VCD aktiv 5/2021
VCD-Aktivenportrait
Der Mann mit dem Goldhelm
Falko Stolp, Vorsitzender des VCD Erfurt, ist in der Stadt bekannt. Wegen seines Engagements – und seines Fahrradhelms.
Bei Sauwetter schlossen die Schülerinnen und Schüler Wetten ab: Kommt ihr Schulleiter heute mit dem Fahrrad zur Schule? „Meine Frau fragte manchmal: ‚Wirklich, bei dem Wetter mit dem Fahrrad?‘ Meine Antwort: ‚Klar, meine Schüler warten darauf‘“, sagt Falko Stolp und lacht. Der 65-Jährige ist dieses Jahr nach 40 Berufsjahren in den Ruhestand gegangen. 30 Jahre davon arbeitete er als Schulleiter, zuletzt in Erfurt. Seit 2006 ist er Vorsitzender des VCD Erfurt. Ehrenamtliches und berufliches Engagement verbindet Stolp: „Nachhaltige Mobilität muss in vielen Unterrichtsfächern immer wieder behandelt werden“, sagt er.

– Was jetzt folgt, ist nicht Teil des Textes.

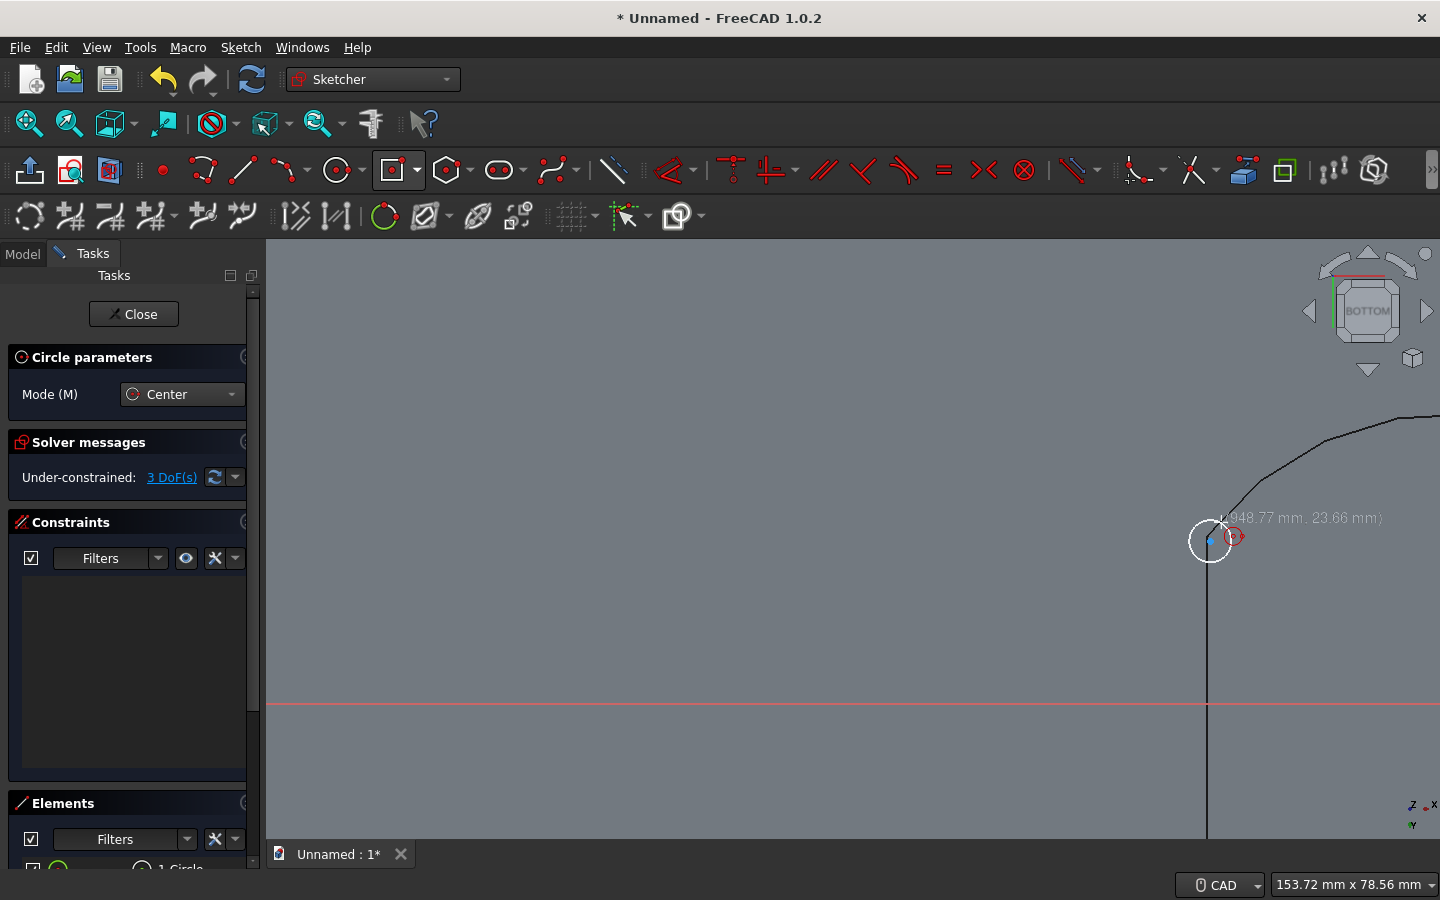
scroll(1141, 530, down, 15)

Stolp setzt sich dafür ein, dass das Thema an Schulen eine wichtige Rolle spielt. Mit Schulklassen nahm er jedes Jahr an der VCD-Kampagne „FahrRad! Fürs Klima auf Tour“ teil: Kinder und Jugendliche radeln, sammeln dabei Kilometer, lösen Rätsel und können Preise gewinnen. Kurz vor seinem Ruhestand holte Stolp gemeinsam mit Kolleg*innen und Schüler*innen für seine Schule die Auszeichnung „Deutschlands fahrradfreundlichste Schule“ – verliehen von der Initiative „Aktion Fahrrad“. Die engagiert sich dafür, dass Kinder Rad fahren.

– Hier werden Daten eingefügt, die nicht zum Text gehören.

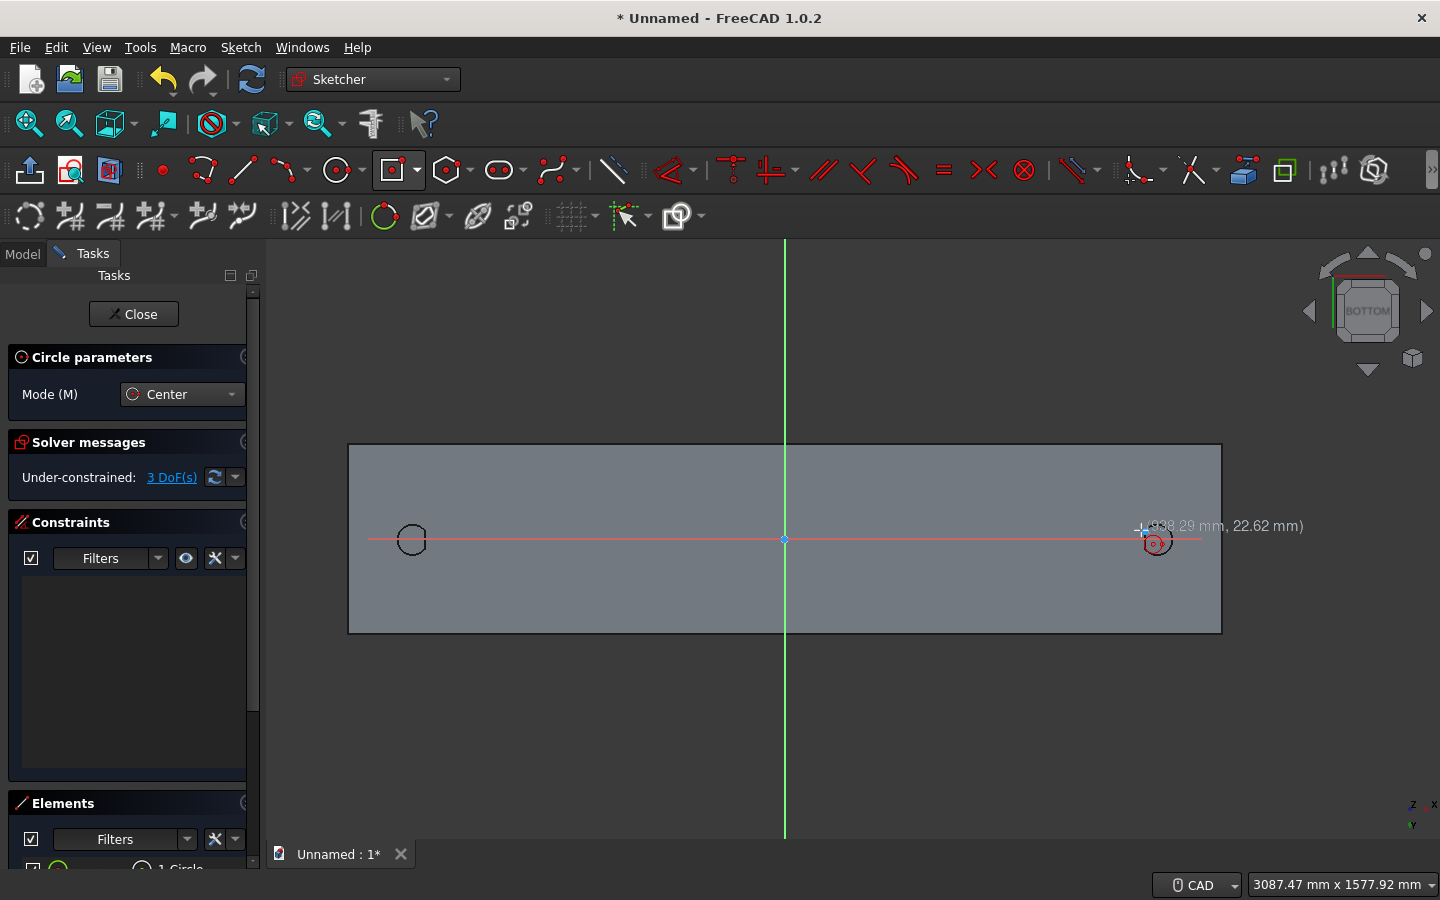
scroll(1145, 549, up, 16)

Stolp wuchs in der ehemaligen DDR auf. Schon damals waren ihm Umweltschutz und Radverkehr wichtig. Nach der Wende engagierte er sich in einer Bürgerinitiative, anschließend war er zehn Jahre lang Kreisfraktionsvorsitzender bei den Grünen. Seit Anfang der 2000er Jahre ist Stolp im VCD aktiv. Das sei der richtige Verband für sein weiteres Herzensanliegen, so Stolp: Die Stadt soll Lebensraum für Menschen sein, nicht Raum für Autos. Um das zu erreichen, organisieren der VCD Erfurt und weitere Verbände seit sieben Jahren die Europäische Mobilitätswoche in der Stadt. „Wir halten die Aktion aufrecht und gehen den Politikern im Stadtrat auf den Geist, um finanzielle Unterstützung zu bekommen“, sagt Stolp.
Mit Mut auffallen
Außerdem setzt Stolp Aktionen der bundesweiten VCD-Kampagne „Straßen für Menschen“ in Erfurt mit um, beispielsweise auf der diesjährigen Bundesgartenschau. Von April bis Oktober verwandelten die Aktiven einen Parkplatz in ein Kinderzimmer und informierten über nachhaltige Mobilität. Das Zimmer machte deutlich, wie viel Platz ein Auto verbraucht. „Der VCD ist durch solche Aktionen in Erfurt bekannter geworden“, sagt Stolp. Er selbst kennt mittlerweile viele Menschen durch sein VCD-Engagement und seinen Job: Eltern, Verwaltungsmitarbeitende, Politiker*innen aus Stadt, Land und EU, Journalist*innen. Ihn erkennen viele Erfurter außerdem an seinem Markenzeichen: „Ich bin ,Der vom VCD mit dem Goldhelm‘. Man muss Mut haben, dann wird man belächelt oder bewundert – auf jeden Fall fällt man auf.
Seit 25 Jahren lebt Stolp ohne Auto. Er ist fürs Carsharing angemeldet. Doch das hat er bisher lediglich zweimal genutzt. Er fährt Rad – wenn er viel transportieren muss, nimmt er das Lastenrad.
Für den Ruhestand hat Stolp viele Pläne. Er will Schulen in Thüringen davon überzeugen, mehr für nachhaltige Mobilität und Radverkehr zu machen. Bei der Stadt Erfurt setzt er sich mit dem VCD für sicherere Fuß- und Radwege zur Schule ein. „Außerdem machen wir weiter Druck in Sachen kostenloses Bus- und Bahnfahren für Schüler“, so Stolp. „Das fordern wir seit Jahren.“ Gerade beraten die Aktiven mit der Stadtverwaltung, wie sich das finanzieren ließe. Stolps Erfolgsrezept: Hartnäckig sein und immer den Mut behalten.